▸ TASK TO COMPLETE
Line for line, return the data exactly, omitting all pictures.

▸ RECORDS PROVIDED

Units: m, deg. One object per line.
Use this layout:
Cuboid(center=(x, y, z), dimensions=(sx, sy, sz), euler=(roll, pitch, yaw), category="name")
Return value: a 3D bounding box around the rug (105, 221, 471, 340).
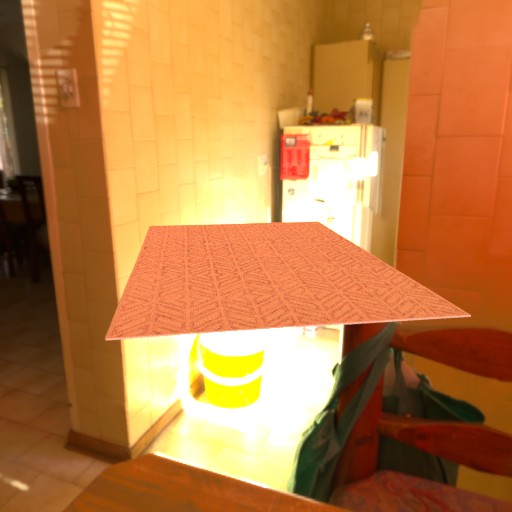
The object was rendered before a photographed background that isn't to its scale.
Cuboid(center=(0.000, 0.000, 2.313), dimensions=(1.220, 0.007, 1.828), euler=(-2, 15, -9), category="rug")
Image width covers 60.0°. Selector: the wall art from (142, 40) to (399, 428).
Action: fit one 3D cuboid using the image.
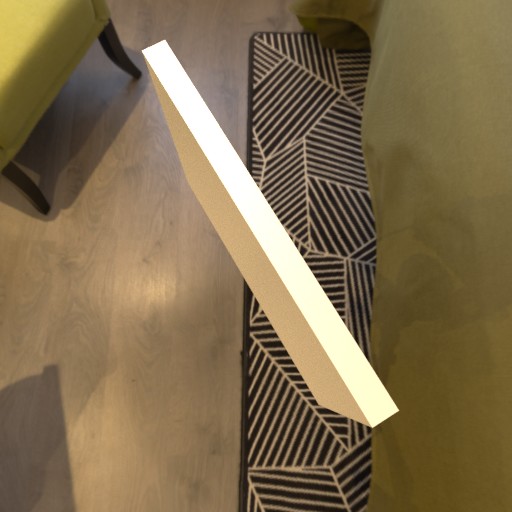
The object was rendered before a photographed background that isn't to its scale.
[{"bbox_3d":[0.000,0.000,1.415,0.066,0.801,1.056,-29,77,-8],"label":"wall art"}]
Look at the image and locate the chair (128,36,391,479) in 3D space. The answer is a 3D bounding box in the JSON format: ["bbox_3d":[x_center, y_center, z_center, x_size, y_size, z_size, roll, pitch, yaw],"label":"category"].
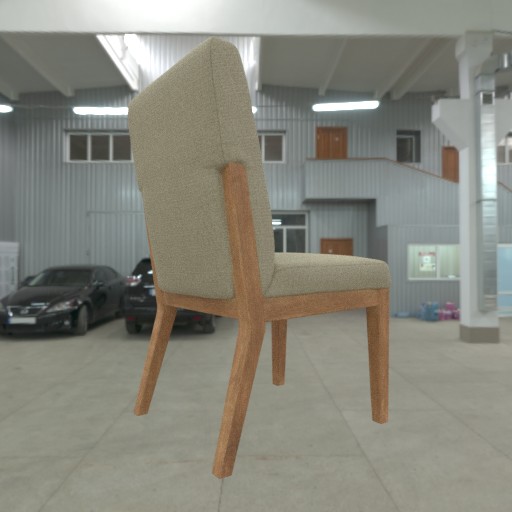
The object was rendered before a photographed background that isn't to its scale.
[{"bbox_3d":[0.000,0.000,1.249,0.586,0.911,0.507,0,-1,-36],"label":"chair"}]
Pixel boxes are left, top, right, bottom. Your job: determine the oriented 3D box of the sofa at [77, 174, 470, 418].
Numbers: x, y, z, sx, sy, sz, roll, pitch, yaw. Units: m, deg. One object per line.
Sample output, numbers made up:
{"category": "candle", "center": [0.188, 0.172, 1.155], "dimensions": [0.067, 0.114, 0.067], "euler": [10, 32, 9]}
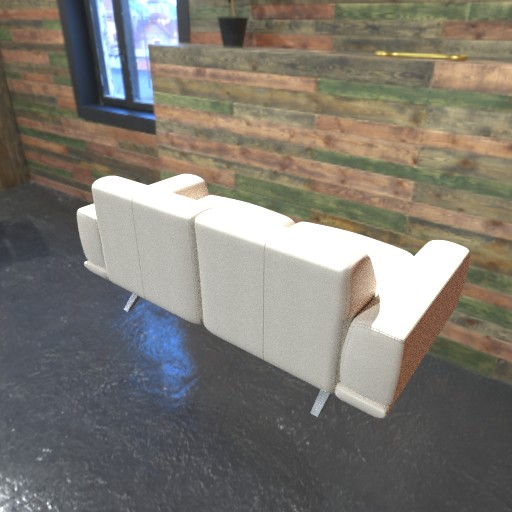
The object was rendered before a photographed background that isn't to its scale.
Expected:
{"category": "sofa", "center": [0.000, 0.000, 2.339], "dimensions": [1.901, 0.772, 0.900], "euler": [20, 34, 32]}
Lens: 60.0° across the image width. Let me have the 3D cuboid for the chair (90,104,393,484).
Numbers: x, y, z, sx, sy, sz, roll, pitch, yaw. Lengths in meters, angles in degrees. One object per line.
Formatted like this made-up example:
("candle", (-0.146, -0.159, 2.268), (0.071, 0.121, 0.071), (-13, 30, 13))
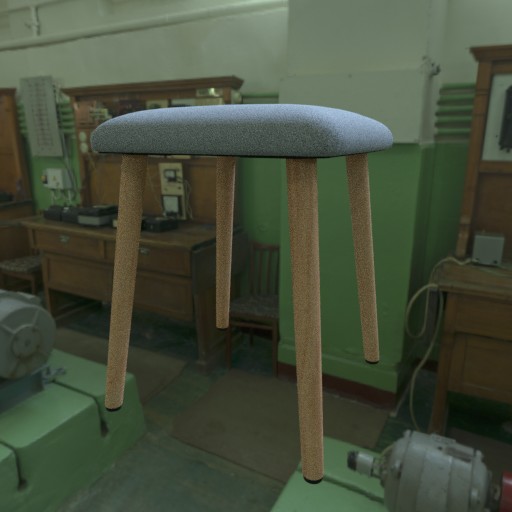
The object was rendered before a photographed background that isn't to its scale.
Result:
("chair", (0.000, 0.000, 0.689), (0.350, 0.440, 0.350), (8, 17, 26))
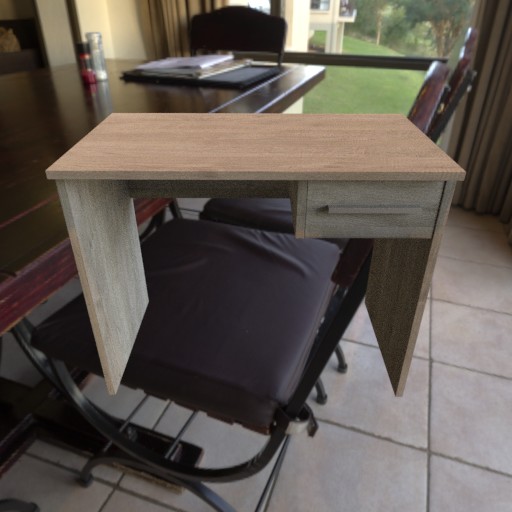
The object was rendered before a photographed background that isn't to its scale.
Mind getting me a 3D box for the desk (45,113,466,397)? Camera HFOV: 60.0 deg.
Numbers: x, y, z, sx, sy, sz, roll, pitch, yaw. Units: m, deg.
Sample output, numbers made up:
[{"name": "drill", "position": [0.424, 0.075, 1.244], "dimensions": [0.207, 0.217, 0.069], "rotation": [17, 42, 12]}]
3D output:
[{"name": "desk", "position": [0.000, 0.000, 1.340], "dimensions": [0.893, 0.724, 0.498], "rotation": [0, 31, 0]}]
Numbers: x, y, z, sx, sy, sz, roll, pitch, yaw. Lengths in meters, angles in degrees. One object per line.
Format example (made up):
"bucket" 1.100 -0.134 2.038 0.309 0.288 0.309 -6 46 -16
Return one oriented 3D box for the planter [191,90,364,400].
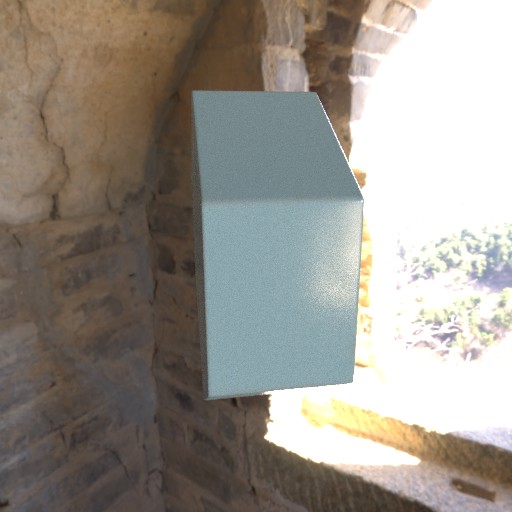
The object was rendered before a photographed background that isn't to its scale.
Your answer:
"planter" 0.000 0.000 0.295 0.078 0.207 0.169 -2 15 -9
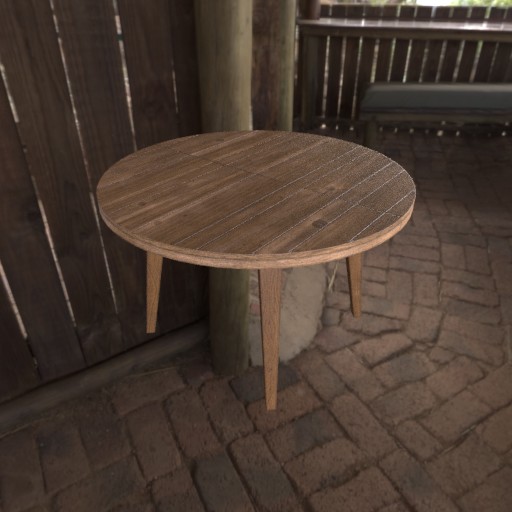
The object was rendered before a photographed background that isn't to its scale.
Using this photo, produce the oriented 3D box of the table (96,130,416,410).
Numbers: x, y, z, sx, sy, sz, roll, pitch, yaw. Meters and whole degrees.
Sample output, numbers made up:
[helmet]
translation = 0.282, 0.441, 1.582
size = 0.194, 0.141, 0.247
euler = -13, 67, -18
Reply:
[table]
translation = 0.000, 0.000, 1.962
size = 1.213, 0.764, 1.213
euler = 0, 32, 0
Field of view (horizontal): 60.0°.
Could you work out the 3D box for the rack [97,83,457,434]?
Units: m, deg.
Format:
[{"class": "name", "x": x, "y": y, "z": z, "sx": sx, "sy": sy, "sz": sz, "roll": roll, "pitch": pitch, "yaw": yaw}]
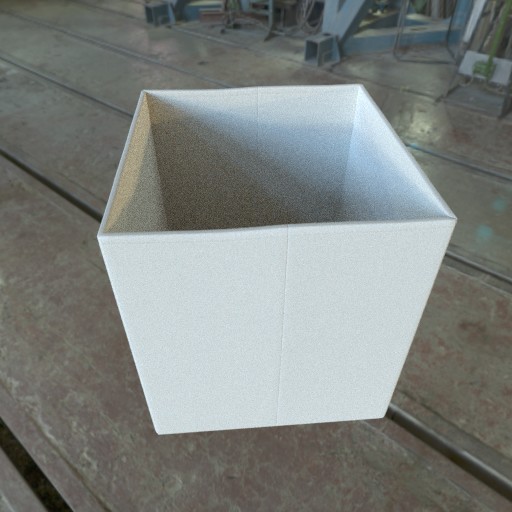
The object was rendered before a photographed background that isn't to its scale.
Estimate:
[{"class": "rack", "x": 0.000, "y": 0.000, "z": 0.496, "sx": 0.270, "sy": 0.280, "sz": 0.270, "roll": -3, "pitch": 41, "yaw": -3}]
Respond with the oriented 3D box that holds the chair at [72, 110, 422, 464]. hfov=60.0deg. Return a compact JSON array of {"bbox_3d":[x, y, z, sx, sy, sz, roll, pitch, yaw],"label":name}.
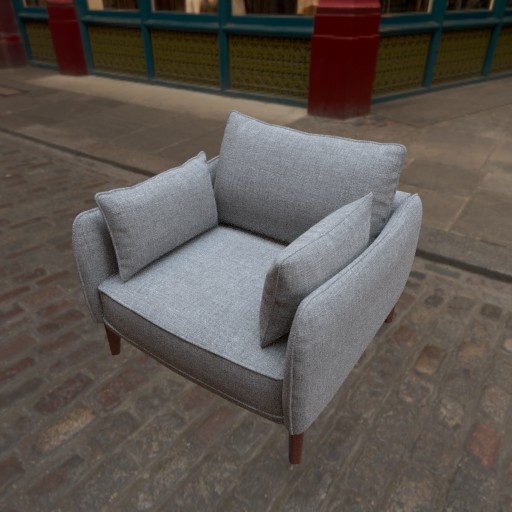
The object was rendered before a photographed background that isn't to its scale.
[{"bbox_3d":[0.000,0.000,1.704,0.993,0.839,0.976,20,37,29],"label":"chair"}]

▸ OUTPUT OF THE TASK
Units: m, deg. One object per line.
Use this layout:
Cuboid(center=(x, y, z), dimensions=(sx, sy, sz), euler=(roll, pitch, yaw), category="name")
Return value: a 3D bounding box around the rug (105, 221, 471, 340).
The object was rendered before a photographed background that isn't to its scale.
Cuboid(center=(0.000, 0.000, 2.313), dimensions=(1.220, 0.007, 1.828), euler=(-2, 15, -9), category="rug")
Image width covers 60.0°. Selector: the wall art from (142, 40) to (399, 428).
Action: fit one 3D cuboid using the image.
The object was rendered before a photographed background that isn't to its scale.
[{"bbox_3d":[0.000,0.000,1.415,0.066,0.801,1.056,-29,77,-8],"label":"wall art"}]
Look at the image and locate the chair (128,36,391,479) in 3D space. The answer is a 3D bounding box in the JSON format: ["bbox_3d":[x_center, y_center, z_center, x_size, y_size, z_size, roll, pitch, yaw],"label":"category"].
The object was rendered before a photographed background that isn't to its scale.
[{"bbox_3d":[0.000,0.000,1.249,0.586,0.911,0.507,0,-1,-36],"label":"chair"}]
Pixel boxes are left, top, right, bottom. Your job: determine the oriented 3D box of the sofa at [77, 174, 470, 418].
Numbers: x, y, z, sx, sy, sz, roll, pitch, yaw. Units: m, deg. One object per line.
Sample output, numbers made up:
{"category": "candle", "center": [0.188, 0.172, 1.155], "dimensions": [0.067, 0.114, 0.067], "euler": [10, 32, 9]}
The object was rendered before a photographed background that isn't to its scale.
Expected:
{"category": "sofa", "center": [0.000, 0.000, 2.339], "dimensions": [1.901, 0.772, 0.900], "euler": [20, 34, 32]}
Lens: 60.0° across the image width. Let me have the 3D cuboid for the chair (90,104,393,484).
Numbers: x, y, z, sx, sy, sz, roll, pitch, yaw. Lengths in meters, angles in degrees. One object per line.
Formatted like this made-up example:
("candle", (-0.146, -0.159, 2.268), (0.071, 0.121, 0.071), (-13, 30, 13))
The object was rendered before a photographed background that isn't to its scale.
Result:
("chair", (0.000, 0.000, 0.689), (0.350, 0.440, 0.350), (8, 17, 26))
The object was rendered before a photographed background that isn't to its scale.
Mind getting me a 3D box for the desk (45,113,466,397)? Camera HFOV: 60.0 deg.
Numbers: x, y, z, sx, sy, sz, roll, pitch, yaw. Units: m, deg.
Sample output, numbers made up:
[{"name": "drill", "position": [0.424, 0.075, 1.244], "dimensions": [0.207, 0.217, 0.069], "rotation": [17, 42, 12]}]
3D output:
[{"name": "desk", "position": [0.000, 0.000, 1.340], "dimensions": [0.893, 0.724, 0.498], "rotation": [0, 31, 0]}]
Numbers: x, y, z, sx, sy, sz, roll, pitch, yaw. Lengths in meters, angles in degrees. One object per line.
Format example (made up):
"bucket" 1.100 -0.134 2.038 0.309 0.288 0.309 -6 46 -16
Return one oriented 3D box for the planter [191,90,364,400].
The object was rendered before a photographed background that isn't to its scale.
Your answer:
"planter" 0.000 0.000 0.295 0.078 0.207 0.169 -2 15 -9
The object was rendered before a photographed background that isn't to its scale.
Using this photo, produce the oriented 3D box of the table (96,130,416,410).
Numbers: x, y, z, sx, sy, sz, roll, pitch, yaw. Meters and whole degrees.
Sample output, numbers made up:
[helmet]
translation = 0.282, 0.441, 1.582
size = 0.194, 0.141, 0.247
euler = -13, 67, -18
Reply:
[table]
translation = 0.000, 0.000, 1.962
size = 1.213, 0.764, 1.213
euler = 0, 32, 0
Field of view (horizontal): 60.0°.
Could you work out the 3D box for the rack [97,83,457,434]?
Units: m, deg.
Format:
[{"class": "name", "x": x, "y": y, "z": z, "sx": sx, "sy": sy, "sz": sz, "roll": roll, "pitch": pitch, "yaw": yaw}]
The object was rendered before a photographed background that isn't to its scale.
Estimate:
[{"class": "rack", "x": 0.000, "y": 0.000, "z": 0.496, "sx": 0.270, "sy": 0.280, "sz": 0.270, "roll": -3, "pitch": 41, "yaw": -3}]
Respond with the oriented 3D box that holds the chair at [72, 110, 422, 464]. hfov=60.0deg. Return a compact JSON array of {"bbox_3d":[x, y, z, sx, sy, sz, roll, pitch, yaw],"label":name}.
The object was rendered before a photographed background that isn't to its scale.
[{"bbox_3d":[0.000,0.000,1.704,0.993,0.839,0.976,20,37,29],"label":"chair"}]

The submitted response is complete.